Aim of the task:
The answer must be the lines from the one that holds "The image size" through the final line of the data, copied exactly, with no pictures.

Entries taken from a collection:
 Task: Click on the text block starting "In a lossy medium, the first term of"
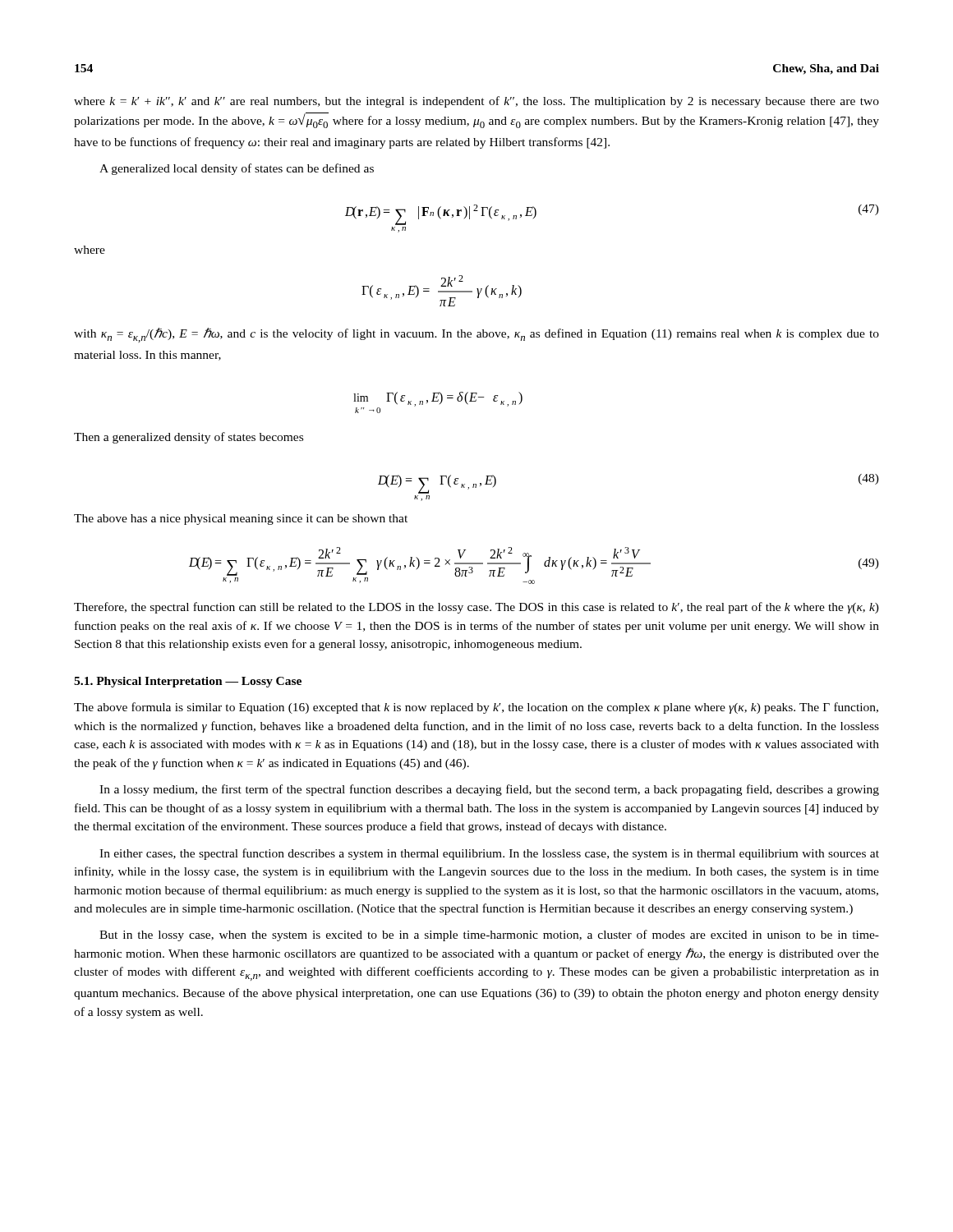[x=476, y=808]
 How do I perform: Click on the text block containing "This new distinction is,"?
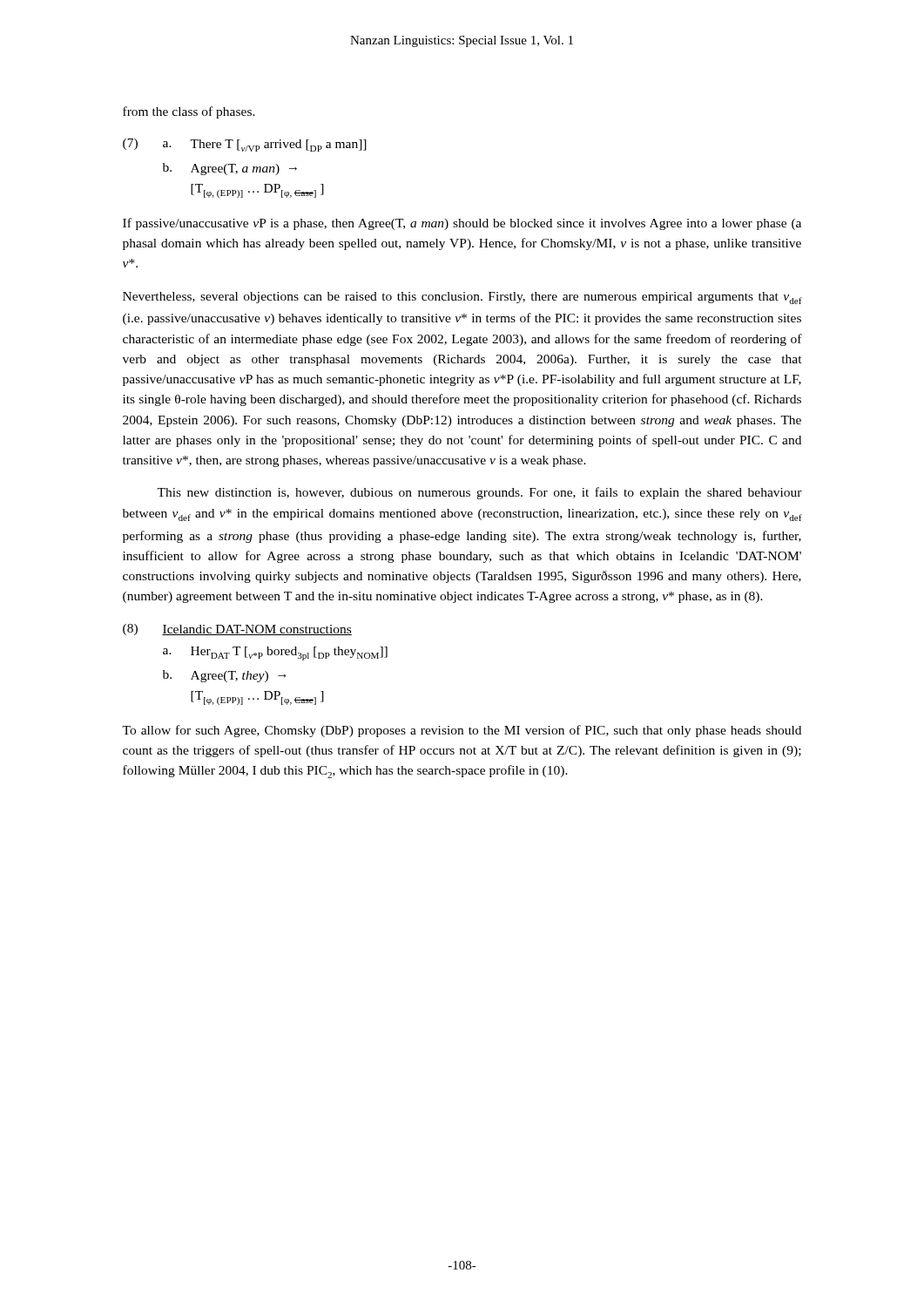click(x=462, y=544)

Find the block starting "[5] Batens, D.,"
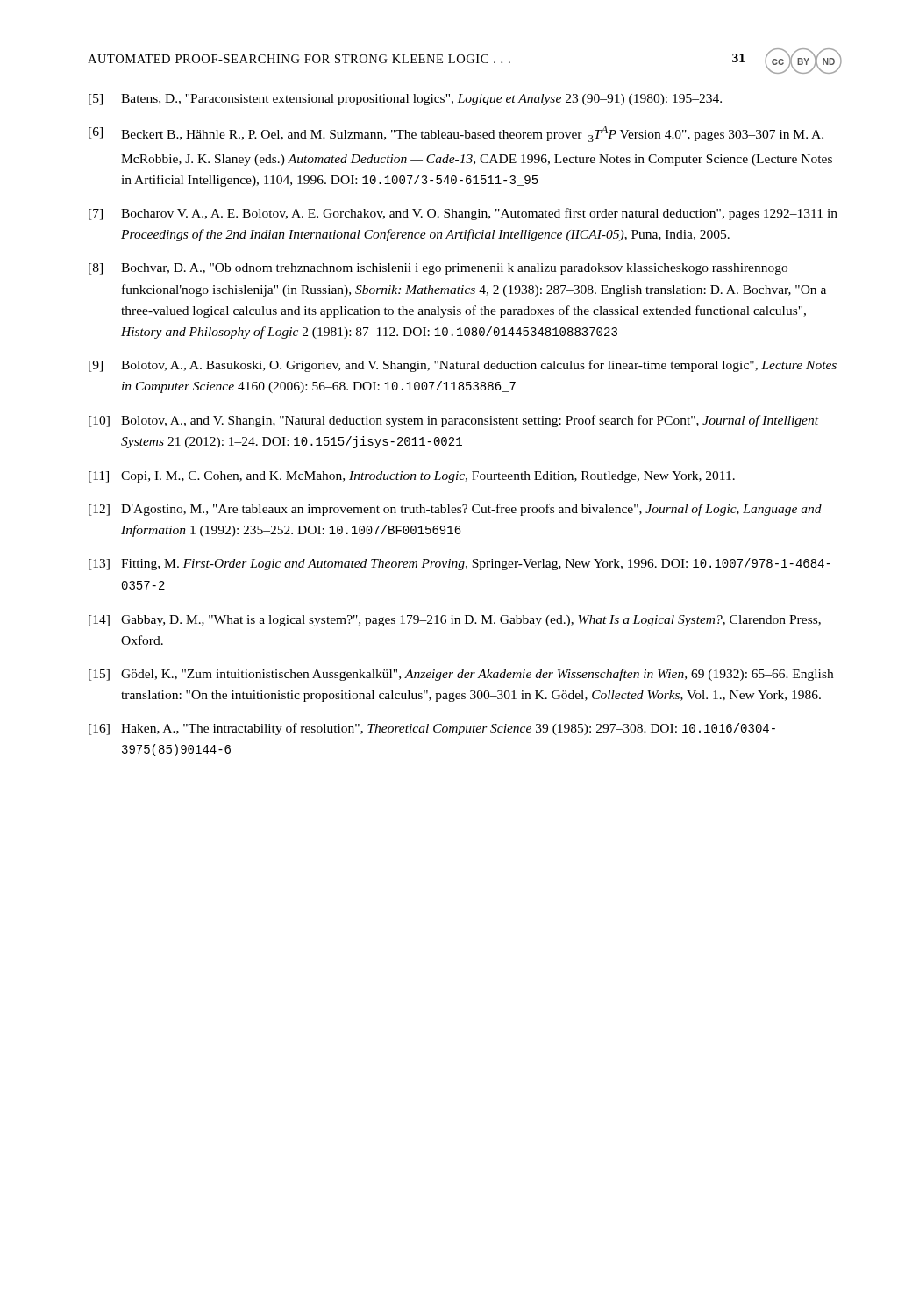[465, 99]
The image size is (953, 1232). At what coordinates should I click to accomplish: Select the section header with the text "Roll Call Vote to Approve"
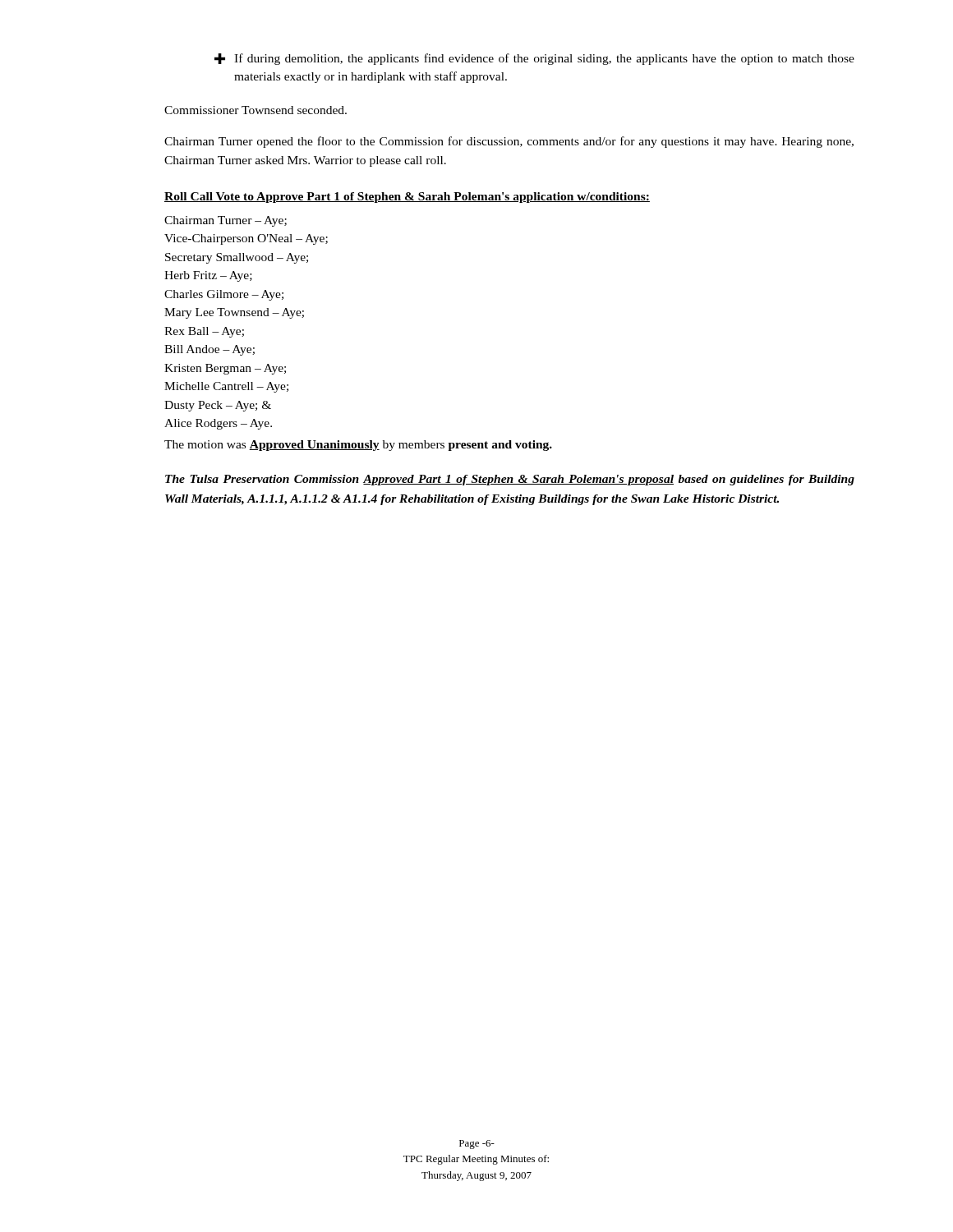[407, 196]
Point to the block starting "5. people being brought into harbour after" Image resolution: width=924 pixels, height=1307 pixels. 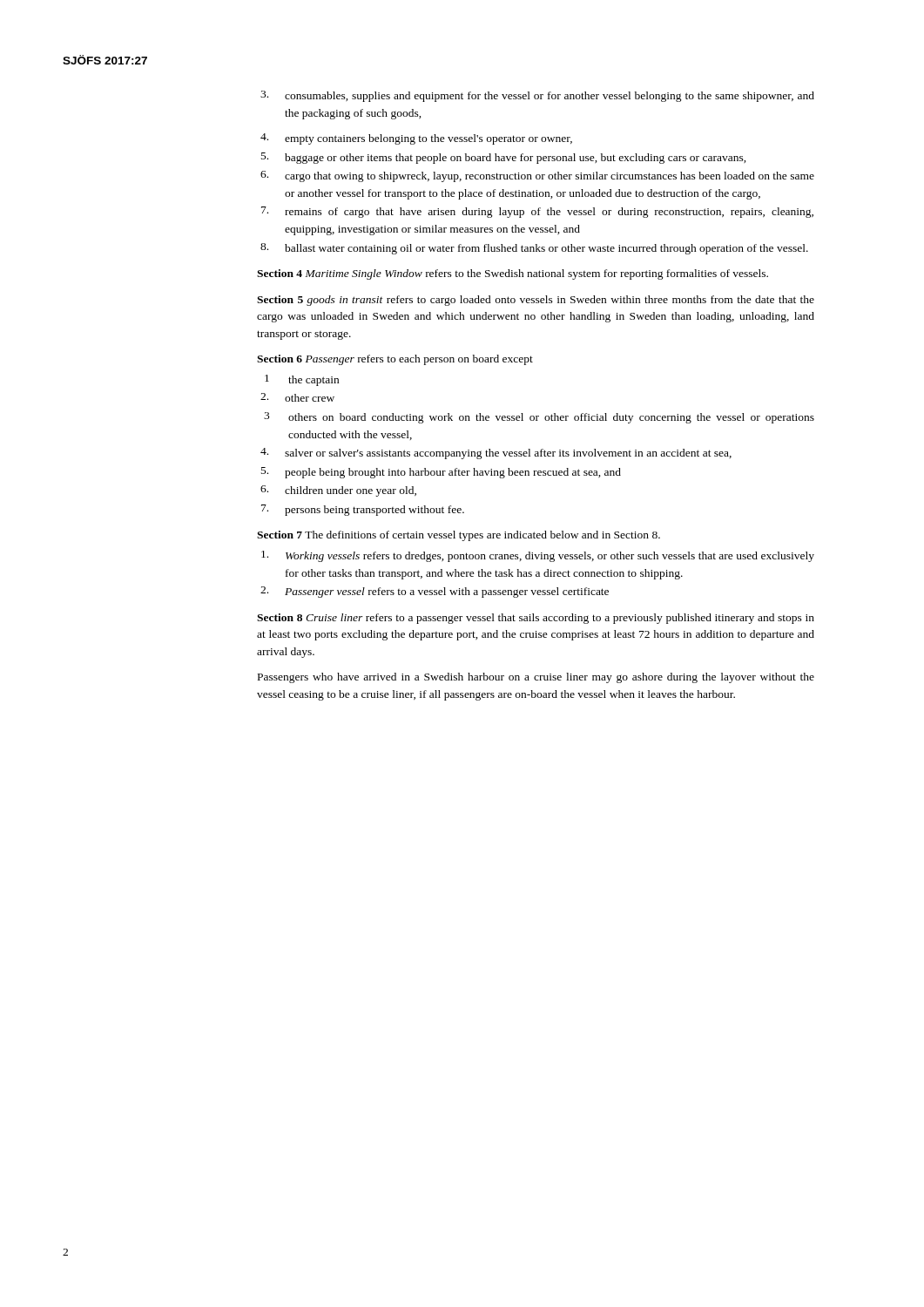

Answer box:
The image size is (953, 1232). At what coordinates should I click to accomplish: Select the section header with the text "Roll Call Vote to Approve"
[407, 196]
Point to the block starting "5. people being brought into harbour after" Image resolution: width=924 pixels, height=1307 pixels. 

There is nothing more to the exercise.